» **Task brief**: In the material below, find each line that contains the word "ANNO" and copy it.

» **Records for this exercise**:
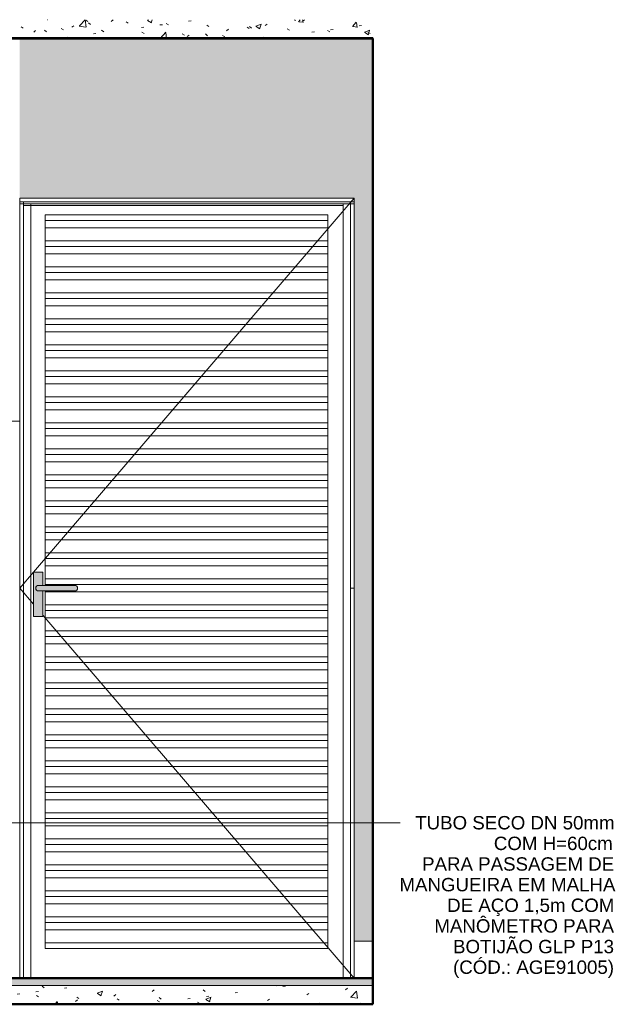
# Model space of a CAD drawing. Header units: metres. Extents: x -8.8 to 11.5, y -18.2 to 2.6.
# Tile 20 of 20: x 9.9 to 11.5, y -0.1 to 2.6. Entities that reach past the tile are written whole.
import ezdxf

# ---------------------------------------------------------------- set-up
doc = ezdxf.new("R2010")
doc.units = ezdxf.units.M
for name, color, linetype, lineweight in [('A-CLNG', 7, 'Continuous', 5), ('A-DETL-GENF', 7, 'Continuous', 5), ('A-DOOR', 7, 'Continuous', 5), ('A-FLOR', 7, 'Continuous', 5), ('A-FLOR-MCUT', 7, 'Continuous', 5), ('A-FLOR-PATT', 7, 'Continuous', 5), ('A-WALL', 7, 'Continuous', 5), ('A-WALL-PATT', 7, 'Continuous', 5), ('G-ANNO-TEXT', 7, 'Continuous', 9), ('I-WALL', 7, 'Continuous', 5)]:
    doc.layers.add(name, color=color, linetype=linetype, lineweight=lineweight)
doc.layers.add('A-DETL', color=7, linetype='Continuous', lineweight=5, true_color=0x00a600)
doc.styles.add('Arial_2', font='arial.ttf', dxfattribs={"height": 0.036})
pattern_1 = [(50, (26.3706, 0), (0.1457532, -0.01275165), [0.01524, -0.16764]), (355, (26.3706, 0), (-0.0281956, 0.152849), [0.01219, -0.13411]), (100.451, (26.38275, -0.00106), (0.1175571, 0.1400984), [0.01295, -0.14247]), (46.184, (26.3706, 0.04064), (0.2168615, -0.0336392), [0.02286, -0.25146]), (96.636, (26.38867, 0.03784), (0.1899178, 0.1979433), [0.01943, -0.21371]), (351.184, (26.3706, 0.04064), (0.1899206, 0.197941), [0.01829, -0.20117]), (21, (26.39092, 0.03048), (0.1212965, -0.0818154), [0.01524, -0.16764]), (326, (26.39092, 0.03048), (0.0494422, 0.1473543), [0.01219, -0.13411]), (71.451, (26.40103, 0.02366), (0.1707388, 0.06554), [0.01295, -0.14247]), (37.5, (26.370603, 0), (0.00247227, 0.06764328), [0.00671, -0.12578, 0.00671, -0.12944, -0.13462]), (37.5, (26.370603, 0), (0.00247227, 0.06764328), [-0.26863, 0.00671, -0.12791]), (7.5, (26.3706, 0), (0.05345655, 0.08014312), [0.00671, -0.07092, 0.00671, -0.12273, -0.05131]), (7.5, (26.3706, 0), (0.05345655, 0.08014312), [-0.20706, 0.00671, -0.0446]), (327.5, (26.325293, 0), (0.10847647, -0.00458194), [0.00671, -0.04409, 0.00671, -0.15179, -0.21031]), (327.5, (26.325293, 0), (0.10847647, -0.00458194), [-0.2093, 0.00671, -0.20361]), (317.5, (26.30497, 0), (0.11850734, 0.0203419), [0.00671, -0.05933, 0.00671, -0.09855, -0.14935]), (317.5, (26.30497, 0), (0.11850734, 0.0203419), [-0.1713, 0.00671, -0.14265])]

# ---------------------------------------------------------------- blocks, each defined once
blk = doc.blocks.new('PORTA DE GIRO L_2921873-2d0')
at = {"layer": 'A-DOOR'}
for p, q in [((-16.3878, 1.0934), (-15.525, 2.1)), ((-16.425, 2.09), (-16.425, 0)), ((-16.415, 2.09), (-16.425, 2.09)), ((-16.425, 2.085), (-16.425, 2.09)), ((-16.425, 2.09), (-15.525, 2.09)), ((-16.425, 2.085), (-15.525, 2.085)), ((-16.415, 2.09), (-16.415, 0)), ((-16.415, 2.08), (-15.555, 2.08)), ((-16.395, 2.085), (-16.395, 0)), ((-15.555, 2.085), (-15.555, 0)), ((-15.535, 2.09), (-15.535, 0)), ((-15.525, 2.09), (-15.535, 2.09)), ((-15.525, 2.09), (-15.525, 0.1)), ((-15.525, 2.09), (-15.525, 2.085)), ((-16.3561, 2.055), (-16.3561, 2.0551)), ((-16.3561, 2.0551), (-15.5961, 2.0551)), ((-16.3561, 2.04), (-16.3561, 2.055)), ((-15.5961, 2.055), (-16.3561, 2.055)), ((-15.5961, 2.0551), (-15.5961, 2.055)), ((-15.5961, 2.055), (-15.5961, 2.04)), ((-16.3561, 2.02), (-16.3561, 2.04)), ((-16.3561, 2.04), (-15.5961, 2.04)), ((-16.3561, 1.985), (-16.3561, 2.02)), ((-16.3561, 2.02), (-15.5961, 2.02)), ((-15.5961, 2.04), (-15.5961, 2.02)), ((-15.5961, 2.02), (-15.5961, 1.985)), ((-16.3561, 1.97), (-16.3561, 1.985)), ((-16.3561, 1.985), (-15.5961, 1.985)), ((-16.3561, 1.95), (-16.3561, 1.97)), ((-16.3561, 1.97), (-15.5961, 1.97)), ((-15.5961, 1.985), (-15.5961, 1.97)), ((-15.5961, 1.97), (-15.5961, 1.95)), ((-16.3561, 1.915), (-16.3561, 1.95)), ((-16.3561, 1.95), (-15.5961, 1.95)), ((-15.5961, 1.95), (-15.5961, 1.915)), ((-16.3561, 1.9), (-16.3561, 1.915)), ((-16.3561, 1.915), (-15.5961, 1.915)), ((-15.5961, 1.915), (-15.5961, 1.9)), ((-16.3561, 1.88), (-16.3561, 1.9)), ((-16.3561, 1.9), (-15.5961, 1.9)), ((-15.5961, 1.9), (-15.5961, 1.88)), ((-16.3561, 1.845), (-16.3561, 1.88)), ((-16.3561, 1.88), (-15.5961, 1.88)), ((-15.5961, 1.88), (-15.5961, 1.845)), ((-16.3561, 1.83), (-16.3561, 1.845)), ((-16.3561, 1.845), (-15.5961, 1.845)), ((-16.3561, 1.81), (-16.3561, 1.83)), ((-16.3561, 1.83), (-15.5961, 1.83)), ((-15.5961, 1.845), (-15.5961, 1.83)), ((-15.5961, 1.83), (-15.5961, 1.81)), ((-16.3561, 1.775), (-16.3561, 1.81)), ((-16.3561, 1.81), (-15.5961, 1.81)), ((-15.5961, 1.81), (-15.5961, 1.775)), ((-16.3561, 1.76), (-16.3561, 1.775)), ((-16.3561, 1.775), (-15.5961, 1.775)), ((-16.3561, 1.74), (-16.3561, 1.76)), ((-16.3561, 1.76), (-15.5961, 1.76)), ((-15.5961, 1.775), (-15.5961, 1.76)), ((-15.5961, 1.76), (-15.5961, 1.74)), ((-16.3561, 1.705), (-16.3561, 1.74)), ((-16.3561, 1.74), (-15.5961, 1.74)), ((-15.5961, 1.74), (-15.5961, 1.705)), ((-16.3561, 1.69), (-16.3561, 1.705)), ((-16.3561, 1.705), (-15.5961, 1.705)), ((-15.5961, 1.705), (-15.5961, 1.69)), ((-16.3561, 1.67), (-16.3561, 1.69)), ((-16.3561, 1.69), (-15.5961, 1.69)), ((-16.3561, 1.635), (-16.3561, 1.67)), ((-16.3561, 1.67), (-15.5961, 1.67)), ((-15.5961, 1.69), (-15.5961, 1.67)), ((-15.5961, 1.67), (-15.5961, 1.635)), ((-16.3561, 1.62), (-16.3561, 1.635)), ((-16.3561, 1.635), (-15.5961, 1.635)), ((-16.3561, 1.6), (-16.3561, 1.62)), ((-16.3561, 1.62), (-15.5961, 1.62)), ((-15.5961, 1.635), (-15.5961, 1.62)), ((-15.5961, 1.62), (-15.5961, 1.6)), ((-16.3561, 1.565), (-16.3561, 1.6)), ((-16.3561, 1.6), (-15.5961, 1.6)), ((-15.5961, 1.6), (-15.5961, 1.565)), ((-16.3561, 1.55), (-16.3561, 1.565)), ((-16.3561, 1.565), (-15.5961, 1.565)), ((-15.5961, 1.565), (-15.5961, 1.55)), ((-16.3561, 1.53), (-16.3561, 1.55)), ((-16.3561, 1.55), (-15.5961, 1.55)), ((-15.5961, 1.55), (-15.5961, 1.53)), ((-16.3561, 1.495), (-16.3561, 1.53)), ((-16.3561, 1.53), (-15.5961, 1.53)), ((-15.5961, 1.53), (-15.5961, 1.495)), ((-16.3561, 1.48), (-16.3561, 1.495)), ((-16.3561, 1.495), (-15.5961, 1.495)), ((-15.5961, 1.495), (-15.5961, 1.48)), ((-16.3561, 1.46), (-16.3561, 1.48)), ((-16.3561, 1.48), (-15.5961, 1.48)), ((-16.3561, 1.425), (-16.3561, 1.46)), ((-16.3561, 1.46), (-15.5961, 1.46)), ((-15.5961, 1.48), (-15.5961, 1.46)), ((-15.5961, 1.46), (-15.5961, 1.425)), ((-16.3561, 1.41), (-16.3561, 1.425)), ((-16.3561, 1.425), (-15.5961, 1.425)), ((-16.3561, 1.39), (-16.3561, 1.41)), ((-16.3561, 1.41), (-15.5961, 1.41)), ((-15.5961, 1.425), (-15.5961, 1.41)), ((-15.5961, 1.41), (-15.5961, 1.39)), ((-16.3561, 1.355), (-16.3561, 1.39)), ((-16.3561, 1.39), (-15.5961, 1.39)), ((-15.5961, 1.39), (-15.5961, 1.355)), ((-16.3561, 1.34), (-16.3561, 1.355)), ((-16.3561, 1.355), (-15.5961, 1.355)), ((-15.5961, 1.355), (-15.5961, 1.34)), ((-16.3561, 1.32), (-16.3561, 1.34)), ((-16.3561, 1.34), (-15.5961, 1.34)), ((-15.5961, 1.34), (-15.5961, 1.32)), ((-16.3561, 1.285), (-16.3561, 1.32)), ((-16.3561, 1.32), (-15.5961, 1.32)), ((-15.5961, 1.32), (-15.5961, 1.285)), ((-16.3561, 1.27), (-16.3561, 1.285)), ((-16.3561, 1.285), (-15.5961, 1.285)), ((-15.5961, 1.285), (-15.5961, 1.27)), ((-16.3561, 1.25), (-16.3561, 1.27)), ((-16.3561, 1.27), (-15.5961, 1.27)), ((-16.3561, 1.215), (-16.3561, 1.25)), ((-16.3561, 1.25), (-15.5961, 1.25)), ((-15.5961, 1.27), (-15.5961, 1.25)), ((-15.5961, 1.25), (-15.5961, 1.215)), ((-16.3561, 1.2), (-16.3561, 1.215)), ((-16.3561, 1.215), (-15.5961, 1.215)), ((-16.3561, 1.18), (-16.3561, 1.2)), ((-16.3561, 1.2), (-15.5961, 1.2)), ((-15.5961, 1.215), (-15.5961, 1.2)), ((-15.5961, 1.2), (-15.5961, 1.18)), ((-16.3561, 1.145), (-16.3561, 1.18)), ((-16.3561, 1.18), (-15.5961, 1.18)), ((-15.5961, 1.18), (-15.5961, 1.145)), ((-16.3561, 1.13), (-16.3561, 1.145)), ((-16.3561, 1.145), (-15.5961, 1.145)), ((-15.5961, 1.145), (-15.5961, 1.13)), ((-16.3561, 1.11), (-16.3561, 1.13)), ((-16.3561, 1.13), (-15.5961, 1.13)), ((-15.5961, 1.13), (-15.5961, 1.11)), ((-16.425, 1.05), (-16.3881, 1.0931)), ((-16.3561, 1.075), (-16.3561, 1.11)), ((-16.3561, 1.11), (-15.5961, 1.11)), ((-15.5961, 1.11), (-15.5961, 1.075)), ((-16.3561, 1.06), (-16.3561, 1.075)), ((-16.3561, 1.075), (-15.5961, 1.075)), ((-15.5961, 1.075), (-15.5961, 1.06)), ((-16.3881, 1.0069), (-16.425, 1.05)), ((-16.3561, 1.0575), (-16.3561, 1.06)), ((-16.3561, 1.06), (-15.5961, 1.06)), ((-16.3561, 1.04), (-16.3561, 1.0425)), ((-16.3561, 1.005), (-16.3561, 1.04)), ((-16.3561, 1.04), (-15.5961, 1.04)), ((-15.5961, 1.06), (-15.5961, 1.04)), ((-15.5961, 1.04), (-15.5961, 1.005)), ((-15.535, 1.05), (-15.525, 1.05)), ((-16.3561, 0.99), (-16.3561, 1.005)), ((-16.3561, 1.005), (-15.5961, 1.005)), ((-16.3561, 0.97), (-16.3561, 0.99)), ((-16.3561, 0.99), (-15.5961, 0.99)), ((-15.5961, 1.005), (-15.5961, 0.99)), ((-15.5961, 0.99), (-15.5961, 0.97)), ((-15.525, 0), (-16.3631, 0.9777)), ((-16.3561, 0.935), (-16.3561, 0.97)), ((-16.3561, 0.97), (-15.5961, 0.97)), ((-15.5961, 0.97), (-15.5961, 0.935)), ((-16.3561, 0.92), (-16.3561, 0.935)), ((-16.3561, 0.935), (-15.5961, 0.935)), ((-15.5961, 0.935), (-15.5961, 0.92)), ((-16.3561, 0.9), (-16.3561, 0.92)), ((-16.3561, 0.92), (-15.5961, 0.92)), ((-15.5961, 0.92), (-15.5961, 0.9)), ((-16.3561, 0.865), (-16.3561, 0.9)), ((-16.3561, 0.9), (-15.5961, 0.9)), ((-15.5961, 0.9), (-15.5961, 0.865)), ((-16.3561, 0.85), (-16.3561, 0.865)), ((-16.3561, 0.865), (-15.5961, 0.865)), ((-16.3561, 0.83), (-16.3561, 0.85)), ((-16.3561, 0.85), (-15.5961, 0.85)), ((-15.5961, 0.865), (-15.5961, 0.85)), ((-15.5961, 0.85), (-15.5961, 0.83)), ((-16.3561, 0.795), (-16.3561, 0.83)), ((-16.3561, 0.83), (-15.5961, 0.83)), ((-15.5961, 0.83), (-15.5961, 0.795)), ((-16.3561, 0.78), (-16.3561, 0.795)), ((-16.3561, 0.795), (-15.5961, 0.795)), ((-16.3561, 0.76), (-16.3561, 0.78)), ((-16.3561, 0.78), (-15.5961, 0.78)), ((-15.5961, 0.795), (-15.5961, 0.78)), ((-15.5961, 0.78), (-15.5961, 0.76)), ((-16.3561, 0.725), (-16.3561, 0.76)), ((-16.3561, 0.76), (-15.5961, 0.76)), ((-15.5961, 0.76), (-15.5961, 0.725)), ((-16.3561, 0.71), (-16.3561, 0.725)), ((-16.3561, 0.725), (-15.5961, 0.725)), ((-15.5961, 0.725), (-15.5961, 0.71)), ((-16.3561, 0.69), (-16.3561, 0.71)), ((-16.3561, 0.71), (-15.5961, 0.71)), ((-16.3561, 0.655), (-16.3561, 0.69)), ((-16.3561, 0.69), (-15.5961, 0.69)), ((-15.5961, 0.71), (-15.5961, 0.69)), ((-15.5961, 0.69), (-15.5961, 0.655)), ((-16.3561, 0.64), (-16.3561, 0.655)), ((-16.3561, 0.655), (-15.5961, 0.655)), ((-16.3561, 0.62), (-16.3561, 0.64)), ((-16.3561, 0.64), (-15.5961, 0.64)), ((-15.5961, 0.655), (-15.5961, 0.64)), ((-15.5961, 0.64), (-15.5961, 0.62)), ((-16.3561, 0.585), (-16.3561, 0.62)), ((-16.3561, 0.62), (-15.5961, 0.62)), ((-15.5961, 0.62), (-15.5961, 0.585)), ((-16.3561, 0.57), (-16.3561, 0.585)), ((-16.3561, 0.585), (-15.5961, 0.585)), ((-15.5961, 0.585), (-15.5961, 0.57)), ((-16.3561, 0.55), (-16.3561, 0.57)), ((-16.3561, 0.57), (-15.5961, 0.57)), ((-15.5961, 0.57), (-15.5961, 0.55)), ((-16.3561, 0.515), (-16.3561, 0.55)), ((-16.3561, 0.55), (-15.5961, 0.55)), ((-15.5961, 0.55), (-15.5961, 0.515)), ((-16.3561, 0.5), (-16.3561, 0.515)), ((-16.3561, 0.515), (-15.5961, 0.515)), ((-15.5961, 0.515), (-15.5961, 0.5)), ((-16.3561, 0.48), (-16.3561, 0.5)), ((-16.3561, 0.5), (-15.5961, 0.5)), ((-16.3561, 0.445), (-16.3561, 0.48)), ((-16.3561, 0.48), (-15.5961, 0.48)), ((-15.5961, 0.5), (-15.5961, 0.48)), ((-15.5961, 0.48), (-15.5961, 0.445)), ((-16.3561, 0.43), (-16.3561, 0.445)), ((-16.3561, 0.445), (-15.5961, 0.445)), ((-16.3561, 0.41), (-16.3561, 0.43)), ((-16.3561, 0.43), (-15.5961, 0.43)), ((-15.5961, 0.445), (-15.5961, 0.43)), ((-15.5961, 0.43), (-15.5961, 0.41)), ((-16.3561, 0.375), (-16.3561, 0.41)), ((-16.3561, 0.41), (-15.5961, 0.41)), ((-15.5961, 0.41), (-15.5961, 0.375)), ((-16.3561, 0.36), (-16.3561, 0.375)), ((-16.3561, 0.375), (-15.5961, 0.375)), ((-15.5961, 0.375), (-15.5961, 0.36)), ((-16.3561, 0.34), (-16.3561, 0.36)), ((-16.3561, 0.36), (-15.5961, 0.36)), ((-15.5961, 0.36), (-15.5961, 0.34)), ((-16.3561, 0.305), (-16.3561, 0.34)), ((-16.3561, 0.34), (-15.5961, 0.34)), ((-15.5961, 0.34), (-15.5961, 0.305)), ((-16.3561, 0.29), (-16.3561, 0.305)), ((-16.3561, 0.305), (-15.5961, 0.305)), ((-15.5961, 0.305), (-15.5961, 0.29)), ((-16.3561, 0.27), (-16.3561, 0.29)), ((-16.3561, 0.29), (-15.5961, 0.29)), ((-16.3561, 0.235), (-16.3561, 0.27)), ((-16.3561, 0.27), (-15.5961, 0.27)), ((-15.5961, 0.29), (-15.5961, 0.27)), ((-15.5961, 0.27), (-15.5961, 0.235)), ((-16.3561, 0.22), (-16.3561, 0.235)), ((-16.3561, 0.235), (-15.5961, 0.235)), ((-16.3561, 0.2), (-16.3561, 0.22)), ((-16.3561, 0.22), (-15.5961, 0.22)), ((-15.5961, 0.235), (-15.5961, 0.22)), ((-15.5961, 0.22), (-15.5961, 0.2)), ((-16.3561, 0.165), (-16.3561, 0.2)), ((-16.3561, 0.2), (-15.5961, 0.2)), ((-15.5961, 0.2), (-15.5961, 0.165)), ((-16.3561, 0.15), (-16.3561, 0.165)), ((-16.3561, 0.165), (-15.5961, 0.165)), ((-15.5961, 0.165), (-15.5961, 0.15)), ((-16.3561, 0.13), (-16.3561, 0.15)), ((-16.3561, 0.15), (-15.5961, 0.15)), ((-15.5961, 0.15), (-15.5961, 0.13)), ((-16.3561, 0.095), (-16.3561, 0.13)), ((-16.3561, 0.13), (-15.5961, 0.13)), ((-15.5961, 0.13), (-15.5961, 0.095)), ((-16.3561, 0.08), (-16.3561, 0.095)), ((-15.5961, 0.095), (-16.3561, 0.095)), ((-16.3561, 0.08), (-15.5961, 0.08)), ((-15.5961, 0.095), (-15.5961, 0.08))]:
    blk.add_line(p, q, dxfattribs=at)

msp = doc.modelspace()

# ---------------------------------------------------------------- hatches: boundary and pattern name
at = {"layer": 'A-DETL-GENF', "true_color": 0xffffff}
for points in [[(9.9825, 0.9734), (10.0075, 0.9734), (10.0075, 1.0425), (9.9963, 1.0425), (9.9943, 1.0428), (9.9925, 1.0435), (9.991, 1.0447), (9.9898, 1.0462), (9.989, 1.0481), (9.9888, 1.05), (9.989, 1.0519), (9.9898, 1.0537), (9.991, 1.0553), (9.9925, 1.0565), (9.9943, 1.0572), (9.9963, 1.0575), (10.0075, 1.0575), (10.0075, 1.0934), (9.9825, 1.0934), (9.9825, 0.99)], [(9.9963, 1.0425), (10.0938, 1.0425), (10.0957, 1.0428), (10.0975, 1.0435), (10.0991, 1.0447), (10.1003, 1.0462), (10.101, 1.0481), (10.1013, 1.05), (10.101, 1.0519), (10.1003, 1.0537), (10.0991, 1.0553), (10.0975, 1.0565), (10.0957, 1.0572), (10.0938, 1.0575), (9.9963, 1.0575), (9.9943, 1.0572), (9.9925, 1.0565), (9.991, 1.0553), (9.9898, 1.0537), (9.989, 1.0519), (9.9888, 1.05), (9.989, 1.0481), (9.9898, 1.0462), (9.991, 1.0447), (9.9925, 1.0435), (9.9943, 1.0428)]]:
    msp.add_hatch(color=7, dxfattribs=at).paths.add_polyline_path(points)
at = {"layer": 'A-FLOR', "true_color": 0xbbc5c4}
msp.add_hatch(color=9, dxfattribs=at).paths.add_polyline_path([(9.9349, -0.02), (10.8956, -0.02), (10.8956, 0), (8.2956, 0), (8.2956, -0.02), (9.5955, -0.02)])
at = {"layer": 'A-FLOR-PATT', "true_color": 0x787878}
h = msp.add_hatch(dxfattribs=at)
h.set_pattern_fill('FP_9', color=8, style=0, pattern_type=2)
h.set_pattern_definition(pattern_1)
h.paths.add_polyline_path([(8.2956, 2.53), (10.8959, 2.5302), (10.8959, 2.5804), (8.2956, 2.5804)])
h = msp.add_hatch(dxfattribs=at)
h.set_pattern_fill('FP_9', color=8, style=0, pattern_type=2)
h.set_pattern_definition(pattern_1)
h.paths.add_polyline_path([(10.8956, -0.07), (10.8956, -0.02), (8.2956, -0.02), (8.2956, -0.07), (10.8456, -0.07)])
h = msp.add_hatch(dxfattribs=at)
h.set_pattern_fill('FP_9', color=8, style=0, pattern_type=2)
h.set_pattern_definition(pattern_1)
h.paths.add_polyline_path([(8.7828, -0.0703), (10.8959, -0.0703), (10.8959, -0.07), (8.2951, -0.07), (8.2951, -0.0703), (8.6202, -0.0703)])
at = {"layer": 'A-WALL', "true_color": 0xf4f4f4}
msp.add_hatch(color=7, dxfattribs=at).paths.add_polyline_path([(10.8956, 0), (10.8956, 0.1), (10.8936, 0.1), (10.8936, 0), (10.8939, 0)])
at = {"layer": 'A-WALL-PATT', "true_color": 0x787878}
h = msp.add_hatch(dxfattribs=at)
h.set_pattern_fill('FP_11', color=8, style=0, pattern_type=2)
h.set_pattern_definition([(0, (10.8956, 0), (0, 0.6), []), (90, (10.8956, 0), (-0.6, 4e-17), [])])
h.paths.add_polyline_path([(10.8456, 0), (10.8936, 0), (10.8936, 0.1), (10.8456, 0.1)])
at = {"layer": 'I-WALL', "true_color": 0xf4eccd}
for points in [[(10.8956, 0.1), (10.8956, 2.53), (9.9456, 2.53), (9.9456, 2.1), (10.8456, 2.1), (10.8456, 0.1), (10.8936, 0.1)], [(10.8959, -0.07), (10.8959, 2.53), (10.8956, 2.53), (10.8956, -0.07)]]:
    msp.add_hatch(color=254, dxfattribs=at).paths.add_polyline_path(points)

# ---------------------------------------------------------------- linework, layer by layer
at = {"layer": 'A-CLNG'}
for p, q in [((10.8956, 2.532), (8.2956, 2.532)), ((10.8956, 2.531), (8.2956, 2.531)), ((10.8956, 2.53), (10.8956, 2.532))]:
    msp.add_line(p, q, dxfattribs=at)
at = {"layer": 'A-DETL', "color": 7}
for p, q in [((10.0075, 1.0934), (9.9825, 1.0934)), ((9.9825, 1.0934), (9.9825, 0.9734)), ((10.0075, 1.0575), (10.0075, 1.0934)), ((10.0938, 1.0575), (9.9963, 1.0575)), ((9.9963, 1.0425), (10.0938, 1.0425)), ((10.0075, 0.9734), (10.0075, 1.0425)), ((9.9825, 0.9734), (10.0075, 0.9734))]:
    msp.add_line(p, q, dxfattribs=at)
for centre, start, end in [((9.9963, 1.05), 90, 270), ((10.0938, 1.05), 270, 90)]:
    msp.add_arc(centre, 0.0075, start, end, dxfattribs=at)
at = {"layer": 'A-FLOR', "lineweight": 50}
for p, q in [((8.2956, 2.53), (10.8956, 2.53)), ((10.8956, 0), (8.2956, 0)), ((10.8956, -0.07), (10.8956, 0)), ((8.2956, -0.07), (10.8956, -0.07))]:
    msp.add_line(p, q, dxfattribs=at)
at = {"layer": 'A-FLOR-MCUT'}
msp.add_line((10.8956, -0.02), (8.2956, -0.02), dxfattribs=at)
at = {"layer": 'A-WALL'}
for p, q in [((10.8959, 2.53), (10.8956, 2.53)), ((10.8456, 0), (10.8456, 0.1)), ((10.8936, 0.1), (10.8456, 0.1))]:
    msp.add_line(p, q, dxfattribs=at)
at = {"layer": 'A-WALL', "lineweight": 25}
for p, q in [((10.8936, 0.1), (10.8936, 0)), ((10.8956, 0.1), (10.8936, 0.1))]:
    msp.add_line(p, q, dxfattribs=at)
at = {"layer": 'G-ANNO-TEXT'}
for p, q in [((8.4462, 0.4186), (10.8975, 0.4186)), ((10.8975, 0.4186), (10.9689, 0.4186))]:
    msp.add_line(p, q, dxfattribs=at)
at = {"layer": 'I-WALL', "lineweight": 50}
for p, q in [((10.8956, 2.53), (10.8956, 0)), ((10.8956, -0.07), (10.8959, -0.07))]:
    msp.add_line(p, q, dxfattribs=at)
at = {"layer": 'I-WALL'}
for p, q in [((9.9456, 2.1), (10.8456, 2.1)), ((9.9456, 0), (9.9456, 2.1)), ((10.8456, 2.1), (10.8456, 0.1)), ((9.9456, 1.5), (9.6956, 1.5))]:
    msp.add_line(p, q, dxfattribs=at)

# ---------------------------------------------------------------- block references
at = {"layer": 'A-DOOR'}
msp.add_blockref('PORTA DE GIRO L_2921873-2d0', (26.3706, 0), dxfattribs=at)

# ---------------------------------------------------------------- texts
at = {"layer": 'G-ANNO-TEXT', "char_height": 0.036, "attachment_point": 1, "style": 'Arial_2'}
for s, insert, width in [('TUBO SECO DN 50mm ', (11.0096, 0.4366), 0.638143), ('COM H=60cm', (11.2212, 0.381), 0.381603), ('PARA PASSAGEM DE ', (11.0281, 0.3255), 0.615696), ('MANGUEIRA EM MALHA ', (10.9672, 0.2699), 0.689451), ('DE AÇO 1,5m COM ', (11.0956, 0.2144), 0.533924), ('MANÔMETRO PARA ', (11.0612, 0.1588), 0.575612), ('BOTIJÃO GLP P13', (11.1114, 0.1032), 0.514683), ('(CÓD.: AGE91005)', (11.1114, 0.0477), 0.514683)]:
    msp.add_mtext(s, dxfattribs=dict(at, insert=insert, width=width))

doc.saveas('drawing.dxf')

» **Finished exercise**:
for name, color, linetype, lineweight in [('A-CLNG', 7, 'Continuous', 5), ('A-DETL-GENF', 7, 'Continuous', 5), ('A-DOOR', 7, 'Continuous', 5), ('A-FLOR', 7, 'Continuous', 5), ('A-FLOR-MCUT', 7, 'Continuous', 5), ('A-FLOR-PATT', 7, 'Continuous', 5), ('A-WALL', 7, 'Continuous', 5), ('A-WALL-PATT', 7, 'Continuous', 5), ('G-ANNO-TEXT', 7, 'Continuous', 9), ('I-WALL', 7, 'Continuous', 5)]:
at = {"layer": 'G-ANNO-TEXT'}
at = {"layer": 'G-ANNO-TEXT', "char_height": 0.036, "attachment_point": 1, "style": 'Arial_2'}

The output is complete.